The threat artificial intelligence poses to white-collar jobs is obvious. But before embarking on an elaborate discussion about whether and how AI will put human investment managers out of business, we first need to define what AI, machine learning, and deep learning are all about.
What are AI and machine learning?
At a basic level, AI is a branch of computer science that, to paraphrase Bill Gates’s mission when starting Microsoft Research, seeks to build computers that can see, hear, and understand humans.
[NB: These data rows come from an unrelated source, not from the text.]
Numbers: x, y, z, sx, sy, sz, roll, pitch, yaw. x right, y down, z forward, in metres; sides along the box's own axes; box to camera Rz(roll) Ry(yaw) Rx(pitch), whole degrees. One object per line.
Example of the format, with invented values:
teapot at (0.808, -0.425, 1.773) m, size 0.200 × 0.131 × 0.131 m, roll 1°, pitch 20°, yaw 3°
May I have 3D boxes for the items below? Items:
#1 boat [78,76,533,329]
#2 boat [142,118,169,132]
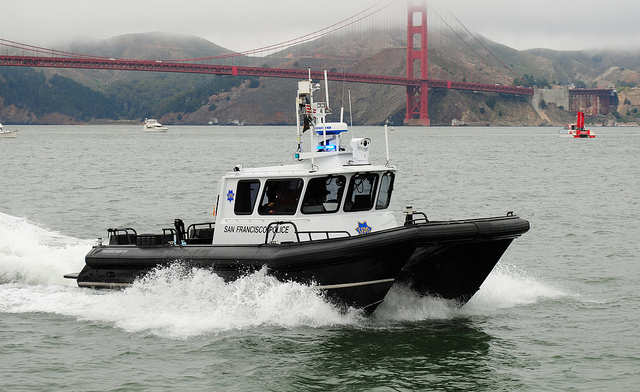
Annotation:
boat at (0.674, 1.445, 30.062) m, size 14.901 × 6.197 × 7.776 m, roll -1°, pitch 2°, yaw 21°
boat at (-28.728, -11.833, 152.524) m, size 2.103 × 1.345 × 4.841 m, roll -11°, pitch 8°, yaw -38°

Alan Turing’s work to make thinking machines, summarised in “Computer Machinery and Intelligence,” was a major milestone in AI’s history. In that 1950 paper, Turing asked, “Can machines communicate in natural language in a manner indistinguishable from that of a human being?” This is the essence of the famous Turing Test, which has become a key benchmark for generations of AI researchers in evaluating the power of their programmes.
For our purposes, the term AI applies to programmes that simulate human cognitive abilities as well as those that process and apply the information captured. Natural language processing (NLP) and speech and image recognition applications are examples of AI. NLP seeks to understand written language texts. Speech recognition — say, turning voices or spoken language into text — is a related field. Image processing is another parallel field and is often referred to as image recognition or computer vision.
As a discipline, AI is fast-evolving and so is its definition. Applications that counted as AI just a few years ago, optical character recognition, or OCR, for example, may no longer.
The term machine learning was coined in 1959 by computer scientist Arthur Samuel in reference to “a field of study that gives computers the ability to learn without being explicitly programmed.” Machine learning applications are AI programmes that can write additional programmes themselves to interpret input and predict output.
While machine learning may be a new term that many investment managers have only recently encountered, neural network is a related concept that finance professionals, particularly quants, may be more familiar with. A neural network is a form of machine learning inspired by how human brains process information.
Deep learning is among the hottest buzz words today. Many claim deep learning’s emergence has revitalized AI research. Deep learning is basically multi-layer neural networks: programmes that process the initial input in multiple stages to generate the final output, at each stage taking the output of the last stage as the input. It is reminiscent of how we tend to break down complex tasks into a series of smaller steps.
Together with the increase in computing power and the avalanche of data now available, advances in deep learning techniques have helped bring about the AI spring we are experiencing today.
Where are we on the journey of building a ‘seeing, hearing, and understanding’ machine?
AI terminology and methods will continue to evolve. For example, Yann LeCun has recently proposed that the term differential programming should replace deep learning. What really matters for investment professionals are the toolkits these innovations have made available to us.
AI technology has made tremendous progress in the last 12 months and many more tools are now at programmers’ disposal. Last month, Google debuted the Cloud AutoML platform that puts the power of machine learning in more programmers’ hands. More machines will be able to see, hear, and understand.
The next big push will be applying AI across industries.
In the words of numerous industry heavyweights, AI is the new electricity.
I have no doubt it will light up many bulbs.